|
The National Park Service announces publication of First Flight: The Wright Brothers and the Invention of the Airplane, a handbook for Dayton Aviation Heritage National Historical Park, in Dayton, Ohio and Wright Brothers National Memorial, on North Carolinas Outer Banks.
At Kill Devil Hills, North Carolina, the Wrights spent hundreds of hours perfecting their gliders and learning to fly them before mounting an engine. On December 17, 1903, Orville Wright made the worlds first controlled flight in a powered heavier-than-air machine, one of humankinds greatest technological achievements and a defining event of the 20th century. In Dayton, between flying seasons, the brothers worked out their theories, collected data, and fabricated the flying machines that would be assembled on the Outer Banks. In 1904 and 1905 they developed in Dayton a practical airplane they could show the world.
First Flight, released on December 17, 2002, to help kick off the year-long centennial celebration culminating in ceremonies at both parks, is part of the award-winning National Park Handbook series. The series, winner of one of the first Presidential Design Awards, was selected for an international exhibition in Paris and has been featured in several international graphic arts magazines.

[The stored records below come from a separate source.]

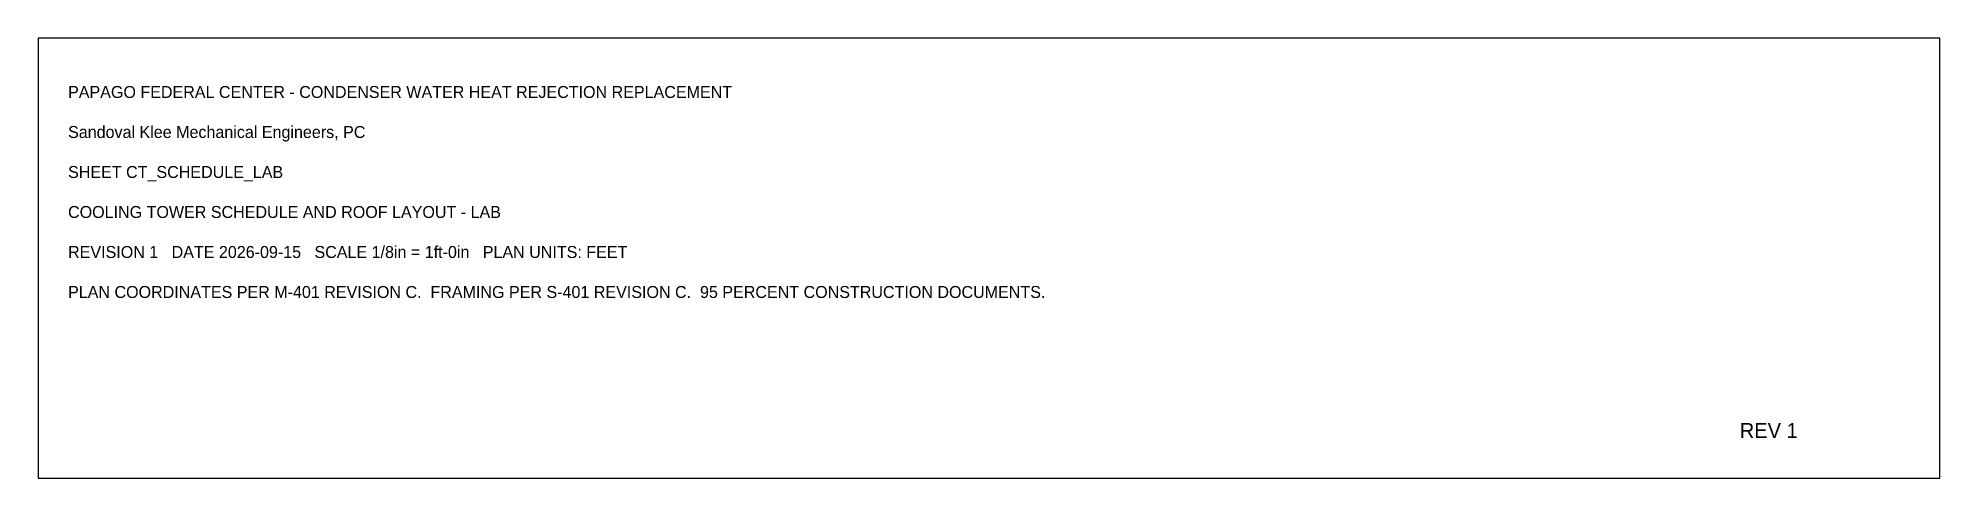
# Model space of a CAD drawing. Header units: feet. Extents: x -10 to 234, y -70 to 473.
# Drawn here: x -10 to 180, y -70 to -26 of the extents above.
import ezdxf

# ---------------------------------------------------------------- set-up
doc = ezdxf.new("R2010")
doc.units = ezdxf.units.FT
doc.header["$MEASUREMENT"] = 0
doc.layers.add('G-TBLK', color=7, linetype='Continuous')

msp = doc.modelspace()

# ---------------------------------------------------------------- linework, layer by layer
at = {"layer": 'G-TBLK'}
msp.add_lwpolyline([(-10, -70), (180, -70), (180, -26), (-10, -26)], close=True, dxfattribs=at)

# ---------------------------------------------------------------- texts
for s, height, p in [('PAPAGO FEDERAL CENTER - CONDENSER WATER HEAT REJECTION REPLACEMENT', 1.2, (-7, -32)), ('Sandoval Klee Mechanical Engineers, PC', 1.2, (-7, -36)), ('SHEET CT_SCHEDULE_LAB', 1.2, (-7, -40)), ('COOLING TOWER SCHEDULE AND ROOF LAYOUT - LAB', 1.2, (-7, -44)), ('REVISION 1   DATE 2026-09-15   SCALE 1/8in = 1ft-0in   PLAN UNITS: FEET', 1.2, (-7, -48)), ('PLAN COORDINATES PER M-401 REVISION C.  FRAMING PER S-401 REVISION C.  95 PERCENT CONSTRUCTION DOCUMENTS.', 1.2, (-7, -52)), ('REV 1', 1.5, (160, -66))]:
    msp.add_text(s, height=height, dxfattribs=at).set_placement(p)

doc.saveas('drawing.dxf')
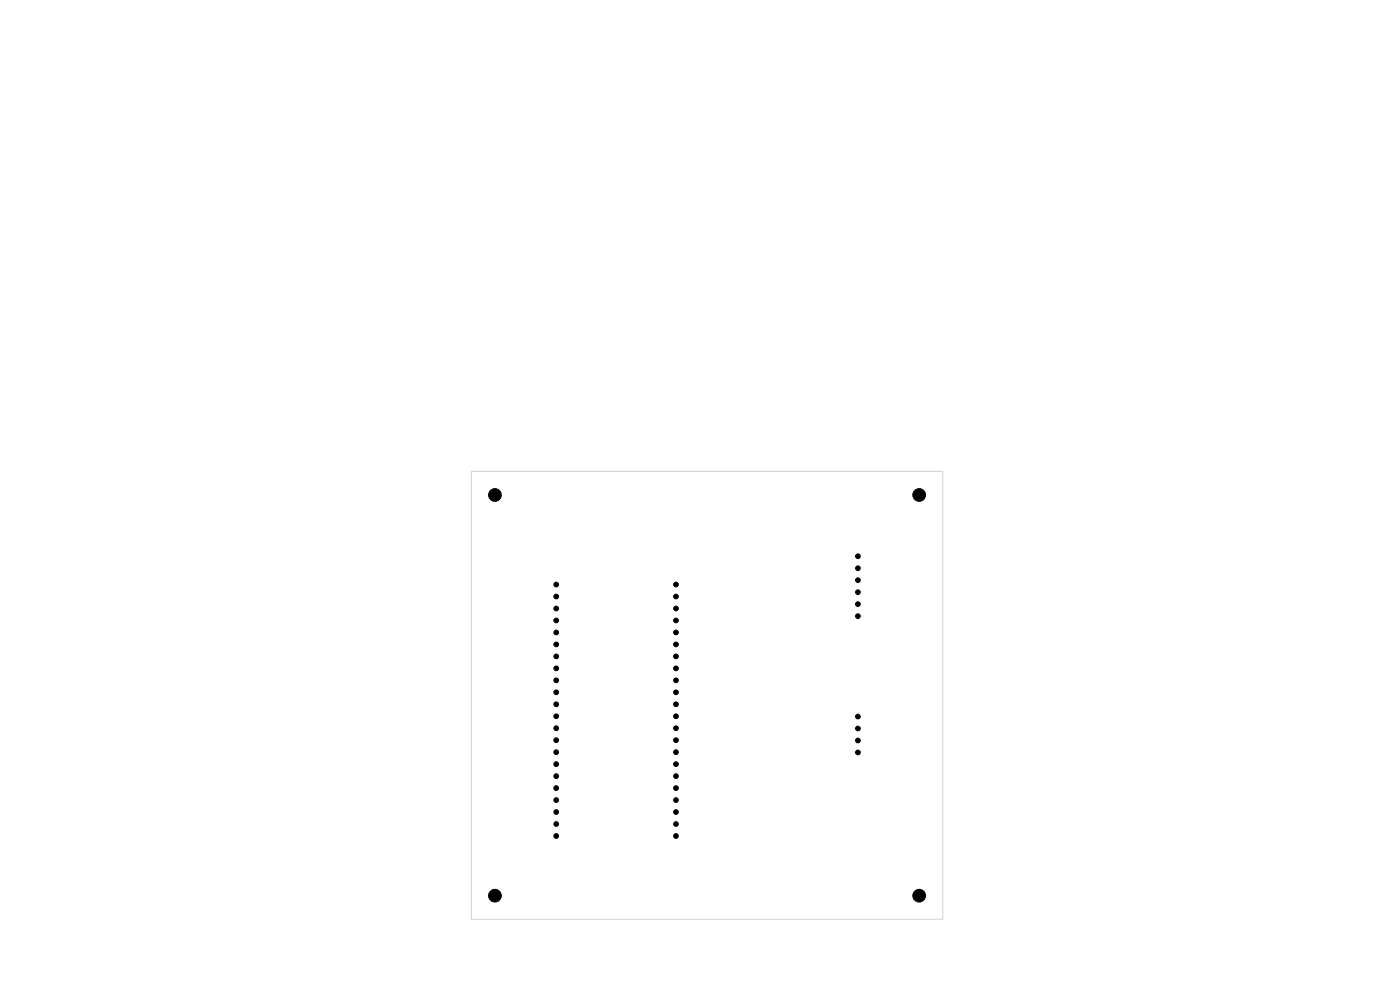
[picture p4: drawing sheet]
<svg xmlns="http://www.w3.org/2000/svg" width="297mm" height="210mm" viewBox="0 0 297 210" stroke-linecap="round" stroke-linejoin="round" font-family="sans-serif">
<path d="M100 100h100v95h-100z" fill="none" stroke="#d0d2cd" stroke-width=".21"/>
<g fill="#000" stroke="#000" stroke-width=".21">
<circle cx="105" cy="105" r="1.35"/>
<circle cx="182" cy="118" r=".5"/>
<circle cx="195" cy="105" r="1.35"/>
<circle cx="118" cy="131.6" r=".5"/>
<circle cx="118" cy="136.7" r=".5"/>
<circle cx="118" cy="134.2" r=".5"/>
<circle cx="118" cy="129.1" r=".5"/>
<circle cx="118" cy="139.2" r=".5"/>
<circle cx="118" cy="124" r=".5"/>
<circle cx="118" cy="126.5" r=".5"/>
<circle cx="143.4" cy="129.1" r=".5"/>
<circle cx="143.4" cy="136.7" r=".5"/>
<circle cx="143.4" cy="134.2" r=".5"/>
<circle cx="143.4" cy="131.6" r=".5"/>
<circle cx="143.4" cy="139.2" r=".5"/>
<circle cx="143.4" cy="124" r=".5"/>
<circle cx="143.4" cy="126.5" r=".5"/>
<circle cx="182" cy="120.5" r=".5"/>
<circle cx="182" cy="123.1" r=".5"/>
<circle cx="182" cy="125.6" r=".5"/>
<circle cx="182" cy="130.7" r=".5"/>
<circle cx="182" cy="128.2" r=".5"/>
<circle cx="118" cy="144.3" r=".5"/>
<circle cx="118" cy="149.4" r=".5"/>
<circle cx="118" cy="159.6" r=".5"/>
<circle cx="118" cy="141.8" r=".5"/>
<circle cx="118" cy="154.5" r=".5"/>
<circle cx="118" cy="151.9" r=".5"/>
<circle cx="118" cy="146.9" r=".5"/>
<circle cx="118" cy="157" r=".5"/>
<circle cx="143.4" cy="157" r=".5"/>
<circle cx="143.4" cy="149.4" r=".5"/>
<circle cx="143.4" cy="151.9" r=".5"/>
<circle cx="143.4" cy="141.8" r=".5"/>
<circle cx="143.4" cy="144.3" r=".5"/>
<circle cx="143.4" cy="154.5" r=".5"/>
<circle cx="143.4" cy="146.9" r=".5"/>
<circle cx="143.4" cy="159.6" r=".5"/>
<circle cx="182" cy="152" r=".5"/>
<circle cx="182" cy="159.6" r=".5"/>
<circle cx="182" cy="157.1" r=".5"/>
<circle cx="182" cy="154.5" r=".5"/>
<circle cx="118" cy="162.1" r=".5"/>
<circle cx="118" cy="164.6" r=".5"/>
<circle cx="118" cy="167.2" r=".5"/>
<circle cx="118" cy="174.8" r=".5"/>
<circle cx="118" cy="172.3" r=".5"/>
<circle cx="118" cy="177.3" r=".5"/>
<circle cx="118" cy="169.7" r=".5"/>
<circle cx="143.4" cy="162.1" r=".5"/>
<circle cx="143.4" cy="164.6" r=".5"/>
<circle cx="143.4" cy="167.2" r=".5"/>
<circle cx="143.4" cy="172.3" r=".5"/>
<circle cx="143.4" cy="169.7" r=".5"/>
<circle cx="143.4" cy="177.3" r=".5"/>
<circle cx="143.4" cy="174.8" r=".5"/>
<circle cx="105" cy="190" r="1.35"/>
<circle cx="195" cy="190" r="1.35"/>
</g>
</svg>

The 116-page handbook contains more than 140 historical and color photographs, five maps, and diagrams and illustrations. New to this series is a special fold-out page with a large photo of the first flight and color illustrations, commissioned for the handbook, depicting the 1905 Wright Flyer III and the problems of flight the Wrights overcame.
Astronaut John Glenn has written the foreword, providing a fellow pioneers perspective on the Wrights achievement. Glenn notes: "The Wrights were the first astronauts. Their initial short flight opened our quest to reach beyond the world we know."
Tom D. Crouch, noted Wright biographer, aeronautical historian, and senior curator of aeronautics at the Smithsonians National Air and Space Museum, is the books author. His compelling story emphasizes the importance of the Wrights family, not only in shaping Wilbur and Orvilles character, but in their support of the brothers early aeronautical experiments at a time when most people were convinced that human flight was impossible.
Crouch follows the trajectory of the Wrights lives from small businessmen (printers and bicycle shop owners), to self-made engineers and courageous experimenters, to world-famous inventors and aviators. They once again became businessmen: manufacturing airplanes (and spending much of their time protecting their patents), running a flight school, and fielding an exhibition team.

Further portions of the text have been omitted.